Dobbiamo piuttosto ora fare i conti con la scomparsa della concezione del carcere come extrema ratio, e con il prevalere incontrastato della detenzione come discarica sociale. L’innovazione della possibilità di concessione delle misure alternative da parte del giudice dalla cognizione, ad esempio, può favorire meno ingressi in carcere.
Oltre ai 728 detenuti al 41bis quanti sono oggi i detenuti in alta sicurezza, nelle sue varie forme? Circa 12.000? Sono numeri che spazzano via il vaniloquio (interessato) sulle necessità di nuovi istituti e sulla mancanza di personale di polizia penitenziaria.
Occorre una riflessione sulla composizione sociale dei detenuti per capire logiche e comportamenti che spingono a dipingere i reclusi come tossici e matti, proponendo soluzioni reazionarie come il ritorno ai manicomi o alle comunità terapeutiche chiuse e mettendo in discussione la competenza del diritto alla salute affidata al Servizio sanitario pubblico.
I problemi sono enormi, ancorché non nuovi. Da dove partire? Prima di tutto dalla lettura degli interrogativi che poneva Sandro Margara nel suo ultimo intervento pubblico e che vanno riproposti come la precondizione concettuale, a partire dalla domanda delle domande: perché è finita da tempo la guerra alla povertà? (Punti interrogativi, in Il carcere al tempo della crisi, Fondazione Michelucci, 2014).
Da quella consapevolezza tocca necessariamente ricominciare: il carcere è sostituto autoritario delle politiche di welfare, è campo di concentramento per i poveri, a dispetto delle retoriche sulle “culture della legalità” che hanno imperato negli ultimi decenni, sottraendo capacità di analisi e di proposta.
Poi, chiarito il contesto e lo scenario, bisogna scrivere un’agenda delle ferite aperte, a cominciare dalle previsioni non realizzate del Regolamento del 2000 che prevedeva cinque anni per la loro realizzazione: diciotto anni di ritardo costituiscono o no un reato di omissione di atti di ufficio? Sicuramente qualche azzeccagarbugli sosterrà che il termine non era perentorio ma ordinatorio, ma io affermo a chiare lettere che siamo di fronte a un crimine politico, che va immediatamente sanato.

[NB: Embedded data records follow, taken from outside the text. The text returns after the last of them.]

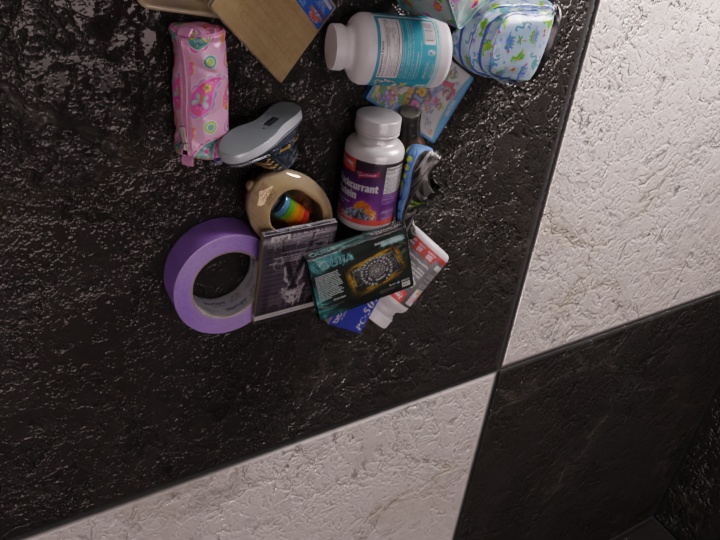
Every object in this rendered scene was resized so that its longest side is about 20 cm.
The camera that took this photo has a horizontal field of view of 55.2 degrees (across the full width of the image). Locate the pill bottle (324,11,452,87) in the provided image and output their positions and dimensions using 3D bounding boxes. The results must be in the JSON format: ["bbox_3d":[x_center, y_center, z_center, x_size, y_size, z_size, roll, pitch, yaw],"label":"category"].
[{"bbox_3d":[0.043,-0.360,1.126,0.195,0.111,0.113,-3,123,-20],"label":"pill bottle"}]

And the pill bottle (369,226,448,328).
[{"bbox_3d":[0.080,0.013,1.425,0.201,0.116,0.115,-51,135,6],"label":"pill bottle"}]

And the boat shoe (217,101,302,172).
[{"bbox_3d":[-0.153,-0.189,1.099,0.201,0.069,0.093,-48,151,-47],"label":"boat shoe"}]

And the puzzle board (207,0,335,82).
[{"bbox_3d":[-0.126,-0.394,1.025,0.152,0.017,0.200,-53,152,1],"label":"puzzle board"}]

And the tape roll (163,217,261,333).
[{"bbox_3d":[-0.246,0.011,1.228,0.196,0.066,0.204,-19,129,-24],"label":"tape roll"}]

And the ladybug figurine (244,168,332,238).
[{"bbox_3d":[-0.132,-0.111,1.214,0.137,0.072,0.199,-53,135,0],"label":"ladybug figurine"}]

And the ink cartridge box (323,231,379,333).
[{"bbox_3d":[0.007,0.019,1.338,0.093,0.044,0.203,19,106,-43],"label":"ink cartridge box"}]

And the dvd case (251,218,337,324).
[{"bbox_3d":[-0.121,0.003,1.245,0.146,0.016,0.203,-14,134,-31],"label":"dvd case"}]

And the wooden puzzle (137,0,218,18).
[{"bbox_3d":[-0.206,-0.451,0.940,0.182,0.046,0.204,-5,123,-33],"label":"wooden puzzle"}]

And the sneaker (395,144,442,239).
[{"bbox_3d":[0.108,-0.137,1.280,0.080,0.072,0.203,7,128,-5],"label":"sneaker"}]

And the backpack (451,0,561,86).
[{"bbox_3d":[0.259,-0.418,1.244,0.195,0.155,0.166,5,126,-22],"label":"backpack"}]

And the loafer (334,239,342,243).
[{"bbox_3d":[-0.054,-0.029,1.341,0.197,0.069,0.071,16,98,-44],"label":"loafer"}]

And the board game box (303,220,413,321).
[{"bbox_3d":[0.000,0.000,1.266,0.196,0.028,0.138,-19,125,-13],"label":"board game box"}]

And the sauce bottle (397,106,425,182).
[{"bbox_3d":[0.093,-0.211,1.305,0.064,0.065,0.203,-22,134,-20],"label":"sauce bottle"}]

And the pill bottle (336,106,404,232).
[{"bbox_3d":[0.020,-0.184,1.246,0.109,0.112,0.204,-11,126,-29],"label":"pill bottle"}]

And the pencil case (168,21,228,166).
[{"bbox_3d":[-0.240,-0.262,1.024,0.086,0.087,0.204,-11,126,-28],"label":"pencil case"}]

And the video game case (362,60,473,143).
[{"bbox_3d":[0.109,-0.338,1.266,0.198,0.018,0.145,21,106,-43],"label":"video game case"}]

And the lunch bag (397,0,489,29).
[{"bbox_3d":[0.105,-0.495,1.043,0.122,0.170,0.201,-42,134,-9],"label":"lunch bag"}]
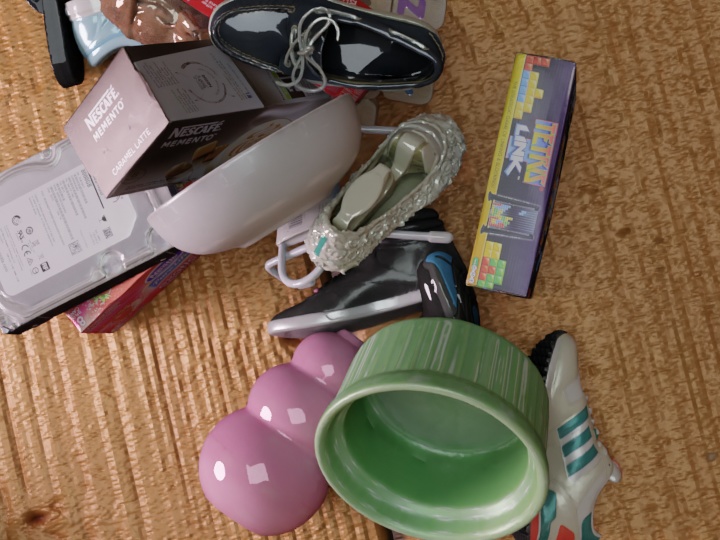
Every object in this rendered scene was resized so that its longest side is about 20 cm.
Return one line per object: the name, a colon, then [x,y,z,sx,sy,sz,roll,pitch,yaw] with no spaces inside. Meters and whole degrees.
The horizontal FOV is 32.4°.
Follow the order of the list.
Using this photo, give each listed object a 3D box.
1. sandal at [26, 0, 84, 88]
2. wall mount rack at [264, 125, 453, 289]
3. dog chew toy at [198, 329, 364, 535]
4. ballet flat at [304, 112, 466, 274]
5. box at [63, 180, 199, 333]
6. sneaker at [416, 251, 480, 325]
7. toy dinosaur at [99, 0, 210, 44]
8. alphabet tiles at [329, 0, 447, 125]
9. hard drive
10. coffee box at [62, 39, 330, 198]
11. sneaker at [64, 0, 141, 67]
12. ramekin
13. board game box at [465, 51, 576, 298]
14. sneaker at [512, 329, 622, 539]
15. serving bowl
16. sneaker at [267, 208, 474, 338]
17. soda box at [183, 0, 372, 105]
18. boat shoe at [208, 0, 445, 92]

Una citazione parziale: servizi igienico sanitari, mense e refettori, spacci per la vendita dei prodotti essenziali per abbattere il sistema dell’affidamento a imprese del malaffare il vitto e sopravvitto, locali per i previsti colloqui lunghi in attesa dell’affermazione del diritto alla affettività e sessualità.
Occorre dire alto e forte che il sovraffollamento è provocato dalla detenzione sociale: è questa che va affrontata e risolta.

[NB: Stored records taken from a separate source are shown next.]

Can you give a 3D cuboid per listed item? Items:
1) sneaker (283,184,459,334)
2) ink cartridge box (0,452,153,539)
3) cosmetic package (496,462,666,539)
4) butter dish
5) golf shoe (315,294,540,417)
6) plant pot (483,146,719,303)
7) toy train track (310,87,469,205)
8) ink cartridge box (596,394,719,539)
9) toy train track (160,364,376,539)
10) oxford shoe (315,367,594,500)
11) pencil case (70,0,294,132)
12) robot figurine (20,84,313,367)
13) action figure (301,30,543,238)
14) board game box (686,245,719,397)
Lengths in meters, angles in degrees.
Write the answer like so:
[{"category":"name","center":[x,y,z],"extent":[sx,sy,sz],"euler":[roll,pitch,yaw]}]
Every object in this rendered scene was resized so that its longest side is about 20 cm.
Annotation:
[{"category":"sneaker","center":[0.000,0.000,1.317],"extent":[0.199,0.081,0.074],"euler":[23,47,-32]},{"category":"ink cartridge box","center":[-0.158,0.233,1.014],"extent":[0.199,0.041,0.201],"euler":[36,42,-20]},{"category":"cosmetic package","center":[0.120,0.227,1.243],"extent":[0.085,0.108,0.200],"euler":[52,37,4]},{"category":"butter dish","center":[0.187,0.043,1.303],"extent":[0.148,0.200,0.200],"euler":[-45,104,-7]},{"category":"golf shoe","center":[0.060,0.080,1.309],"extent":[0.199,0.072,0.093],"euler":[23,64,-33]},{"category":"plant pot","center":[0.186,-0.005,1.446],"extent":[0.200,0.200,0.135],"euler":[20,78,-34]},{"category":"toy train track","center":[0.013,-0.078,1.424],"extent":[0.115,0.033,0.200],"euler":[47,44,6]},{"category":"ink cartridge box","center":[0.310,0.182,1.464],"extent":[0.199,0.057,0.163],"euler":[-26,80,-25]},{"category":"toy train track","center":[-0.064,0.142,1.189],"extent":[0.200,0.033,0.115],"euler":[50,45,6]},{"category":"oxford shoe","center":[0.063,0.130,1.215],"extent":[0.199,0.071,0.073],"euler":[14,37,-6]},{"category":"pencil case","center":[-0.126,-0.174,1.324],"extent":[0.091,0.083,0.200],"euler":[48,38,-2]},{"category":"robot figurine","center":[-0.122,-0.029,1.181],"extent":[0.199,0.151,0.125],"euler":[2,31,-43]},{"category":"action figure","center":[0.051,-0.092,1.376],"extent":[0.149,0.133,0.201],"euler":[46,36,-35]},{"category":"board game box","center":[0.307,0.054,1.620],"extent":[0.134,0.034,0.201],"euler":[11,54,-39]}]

In concreto, si tratta del prodotto della legge proibizionista sulle droghe, di quella sull’immigrazione, della persecuzione dei poveri. Vi sono due soluzioni, cambiare le leggi o cambiare i luoghi di esecuzione della pena utilizzando la vasta tastiera delle misure alternative e magari coordinandole e razionalizzandole. Si potrebbe cominciare con la sperimentazione della attivazione delle “Case di reinserimento sociale” per le pene sotto i dodici mesi che già riguardano settemila prigionieri, strutture di piccole dimensioni affidate alla direzione dei sindaci e alla progettazione dei servizi sociali e del volontariato. La proposta è depositata alla Camera dei deputati con il numero 1064.
Le risorse ci sono. Mi riferisco a quelle di Cassa Ammende, che vanno utilizzate non con progetti burocratici ma con affidamenti agli enti locali e al terzo settore (e magari non solo a quelli che vanno sotto il titolo-passepartout della legalità e della giustizia riparativa…). Una pratica di welfare ex post, visto l’assenza preventiva.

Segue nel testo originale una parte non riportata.